Anthropic is Really Pushing the Frontier, What Should We Think?
New model achieves 72.4% exploit success rate, up from 0.9% with previous best model.
Anthropic has unveiled Mythos, a frontier AI model with unprecedented cybersecurity capabilities that can analyze browser crashes and develop working computer exploits with 72.4% success rate. This represents an 80x improvement over their previous best model, Claude Opus 4.6, which achieved only 0.9% on the same benchmark developed with Mozilla using real Firefox vulnerabilities. The model's performance is considered a floor, with Anthropic noting it would likely perform even better with more tokens and that scaffolding improvements typically boost capabilities over time.
Despite passing their Responsible Scaling Policy framework, Anthropic has chosen to restrict Mythos through Project Glasswing, a limited deployment to approximately 50 critical infrastructure organizations across three major cloud providers. The company acknowledges the model could handle "small-scale enterprise networks with weak security posture" - representing a significant portion of the internet. For these trusted partners, Anthropic is not blocking exchanges based on classifier triggers, allowing cybersecurity defenders to leverage the model's full capabilities for defense purposes, a significant departure from their general-release model restrictions.

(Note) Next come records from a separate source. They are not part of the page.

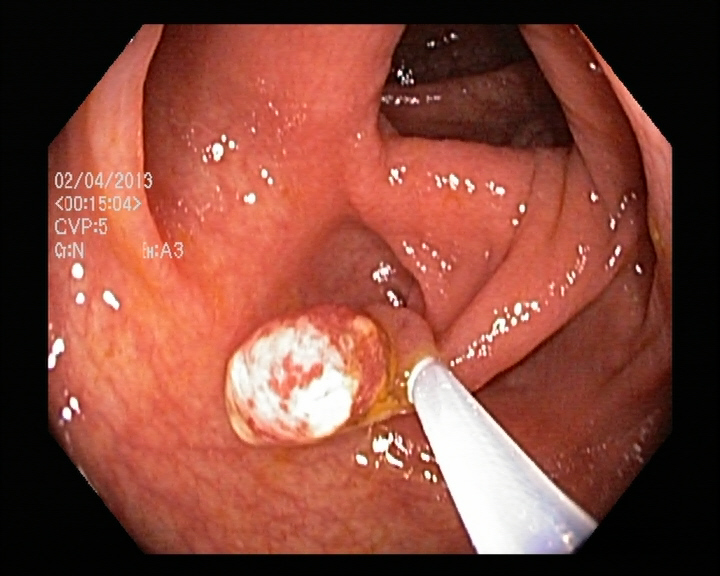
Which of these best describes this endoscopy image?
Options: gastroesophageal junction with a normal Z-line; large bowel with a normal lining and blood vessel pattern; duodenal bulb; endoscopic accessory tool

endoscopic accessory tool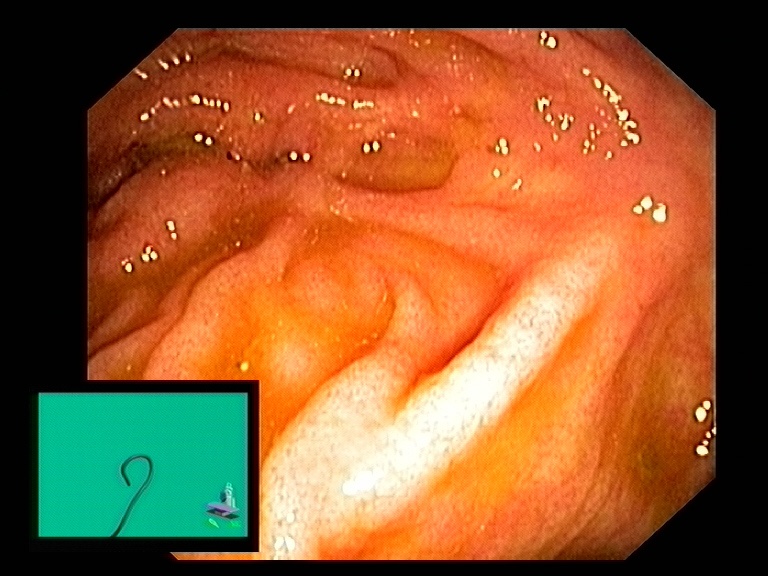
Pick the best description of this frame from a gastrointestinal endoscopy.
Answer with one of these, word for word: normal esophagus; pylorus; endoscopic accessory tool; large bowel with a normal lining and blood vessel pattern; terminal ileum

large bowel with a normal lining and blood vessel pattern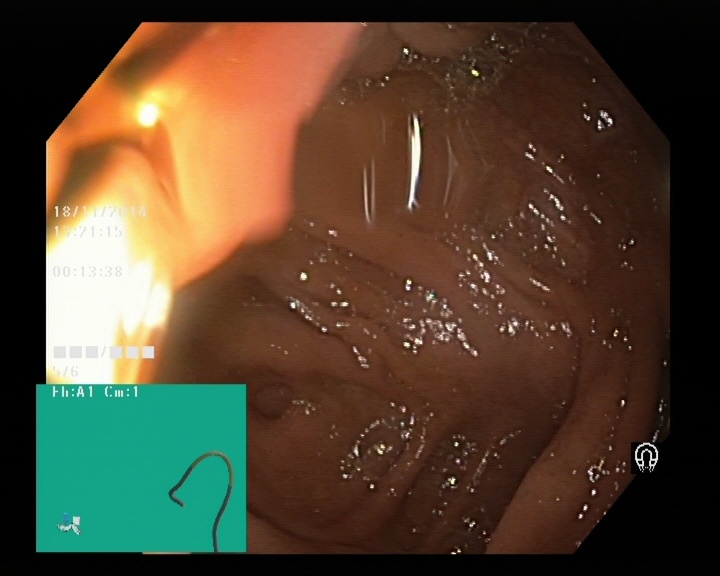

- Mythos achieves 72.4% exploit success rate from browser crashes, up from 0.9% with Claude Opus 4.6
- Model restricted to 50+ organizations via Project Glasswing despite passing internal safety framework
- Anthropic describes target scope as "small-scale enterprise networks with weak security posture"
Why It Matters
Demonstrates AI's rapidly advancing offensive cybersecurity capabilities while raising questions about responsible deployment of dangerous technology.